+49 Fred the ant is on the real number line, and Fred is trying to get to the point $0.$ If Fred is at $1,$ then on the next step, Fred moves to either $0$ or $2$ with equal probability. If Fred is at $2,$ then on the next step, Fred always moves to $1.$ Let $e_1$ be expected number of steps Fred takes to get to $0,$ given that Fred starts at the point $1.$ Similarly, let $e_2$ be expected number of steps Fred takes to get to $0,$ given that Fred starts at the point $2.$ Determine the ordered pair $(e_1,e_2)$.
Tysm!! :D
+9673 If Fred starts on 1,
There's a 1/2 probability that it moves to 0 directly, and a 1/2 probability that it moves to 2.
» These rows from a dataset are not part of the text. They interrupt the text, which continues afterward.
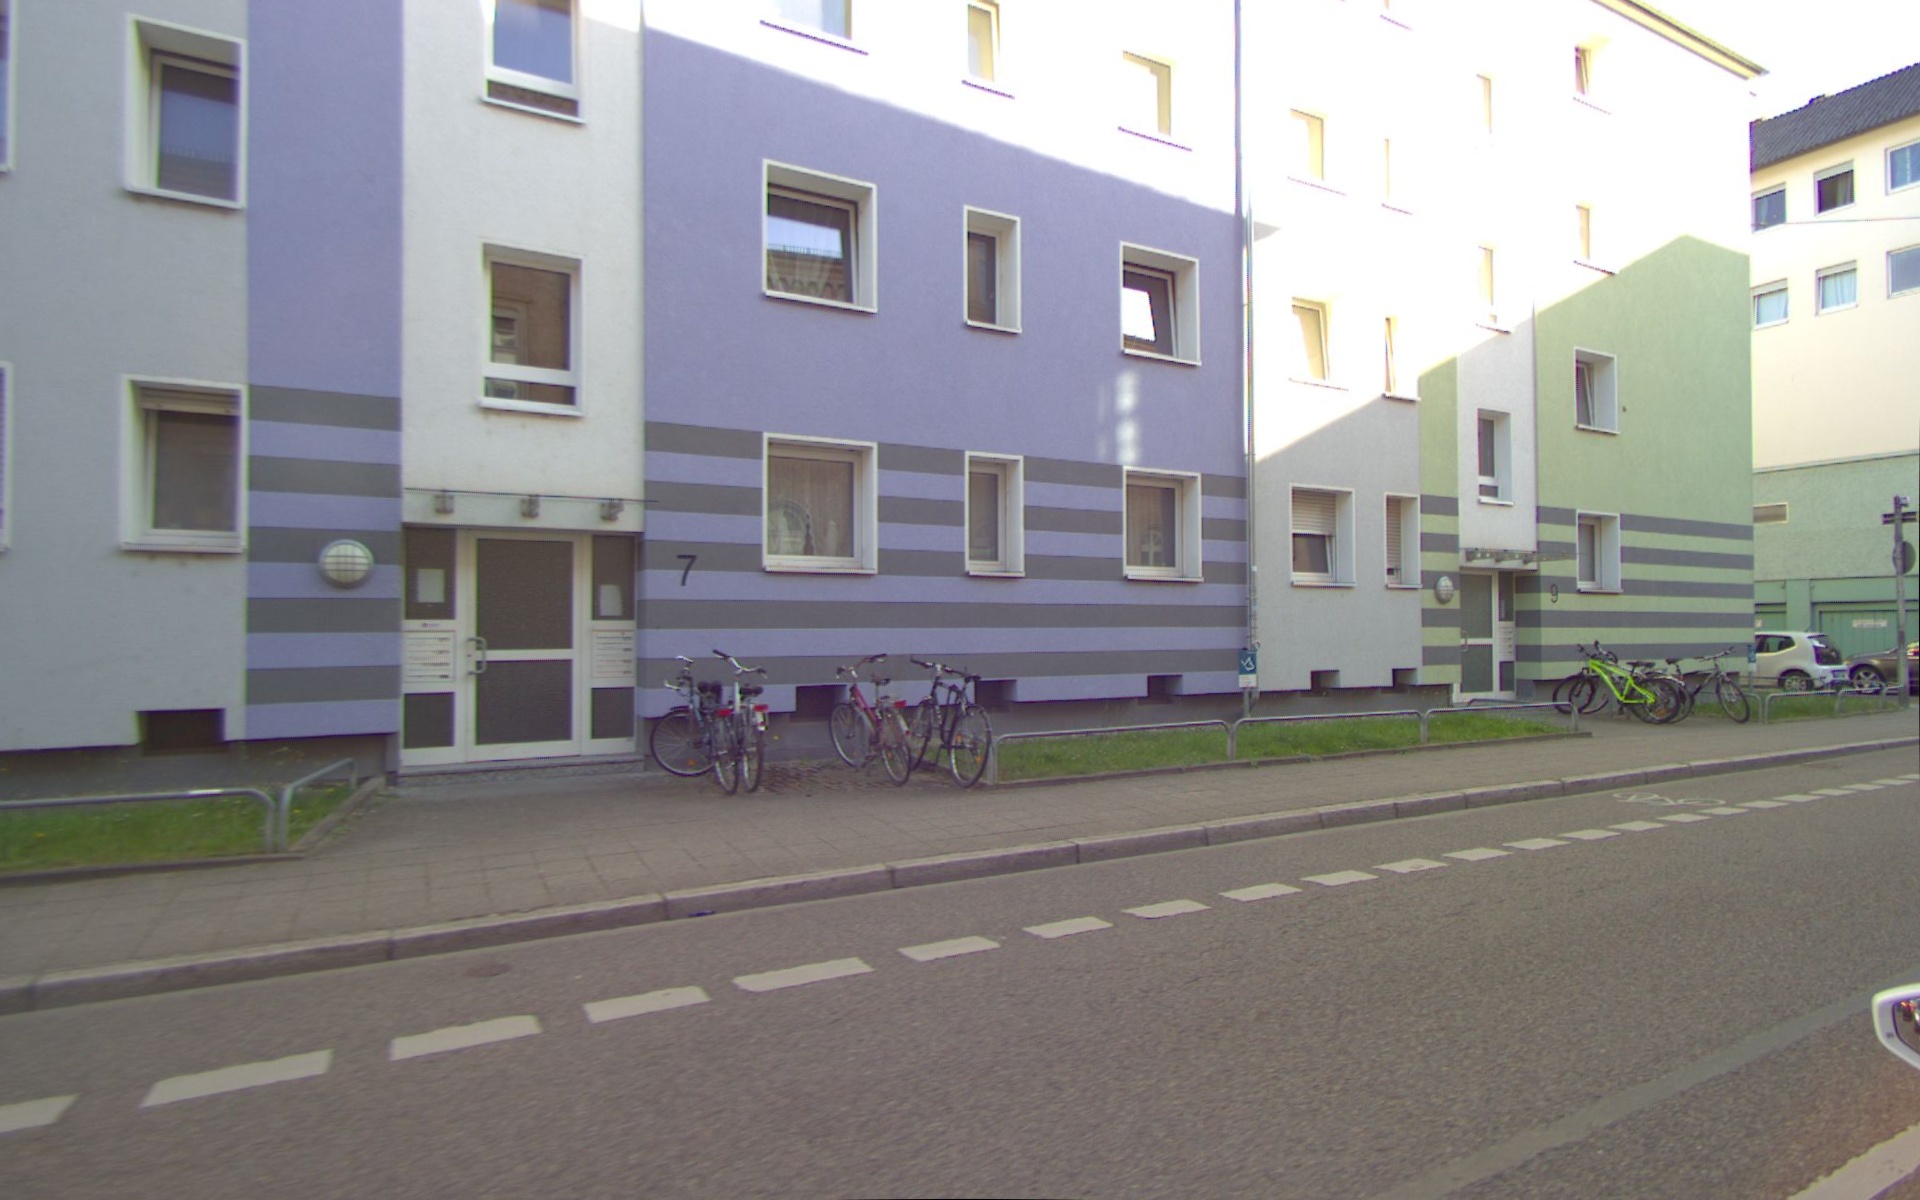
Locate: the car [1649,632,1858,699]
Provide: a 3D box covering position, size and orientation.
[{"bbox_3d":[18.844,1.510,23.996,1.790,1.462,3.488,0,-2,-27],"label":"car"}]

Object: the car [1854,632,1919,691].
[{"bbox_3d":[25.030,1.505,24.722,1.922,1.462,4.084,0,-2,-27],"label":"car"}]

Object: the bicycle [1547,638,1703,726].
[{"bbox_3d":[10.330,1.237,15.663,0.609,1.195,1.910,1,1,-44],"label":"bicycle"}]

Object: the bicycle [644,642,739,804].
[{"bbox_3d":[-2.359,1.002,8.721,0.380,1.258,1.572,1,-2,-31],"label":"bicycle"}]

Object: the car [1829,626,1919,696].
[{"bbox_3d":[22.478,1.358,22.203,1.968,1.562,4.612,0,-2,-17],"label":"car"}]

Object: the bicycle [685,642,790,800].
[{"bbox_3d":[-2.007,1.013,8.937,0.444,1.258,1.576,1,-2,-31],"label":"bicycle"}]

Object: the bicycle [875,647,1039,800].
[{"bbox_3d":[-0.084,1.085,9.486,0.616,1.247,1.998,1,-2,-31],"label":"bicycle"}]

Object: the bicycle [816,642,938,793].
[{"bbox_3d":[-0.802,1.027,9.317,0.462,1.258,1.631,1,-2,-31],"label":"bicycle"}]

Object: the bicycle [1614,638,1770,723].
[{"bbox_3d":[11.719,1.251,16.144,0.608,1.195,1.914,1,1,-37],"label":"bicycle"}]

Once it moves to 2, it must move back to 1.
And when it moves back to 1 again, there are again 1/2 probability that it moves to 0, and 1/2 probability that it moves to 2.
This repeats again and again.
So that means there are 1/2 probability it reaches 0 in 1 step, 1/4 probability it reaches 0 in 3 steps, 1/8 probability it reaches 0 in 5 steps, etc.
Because the e_1 = sum of all possible (probability * steps),
\(e_1 = \dfrac12 + \dfrac34 + \dfrac58 + \dfrac7{16} + \cdots = \displaystyle\sum_{n = 1}^\infty \dfrac{2n -1}{2^n}\) --- (1)
Now, we consider (e_1)/2. (The standard way of evaluating an A.G.S. (arithmetico-geometric series))
\(e_1 \cdot \dfrac12 = \dfrac14 + \dfrac38 + \dfrac5{16}+\cdots\) --- (2)
Subtracting (2) from (1),
\(\dfrac{e_1}2 = \dfrac12 + \left(\dfrac{2}4 + \dfrac28 + \dfrac2{16}+\cdots\right) = 1 + \left(\dfrac14 + \dfrac18 + \cdots\right) = \dfrac32\)
\(e_1 = 3\)
Therefore, if Fred starts at 1, then it is expected to reach 0 in 3 steps.
By a similar idea as above, we can get \(e_2 = 2\cdot \dfrac12 + 4\cdot \dfrac14 + 6\cdot \dfrac18 + \cdots = \displaystyle \sum_{n = 0}^\infty \dfrac{n + 1}{2^n} \)
By a similar approach, we can evaluate e_2 to be 4.
Therefore, (e_1, e_2) = (3, 4).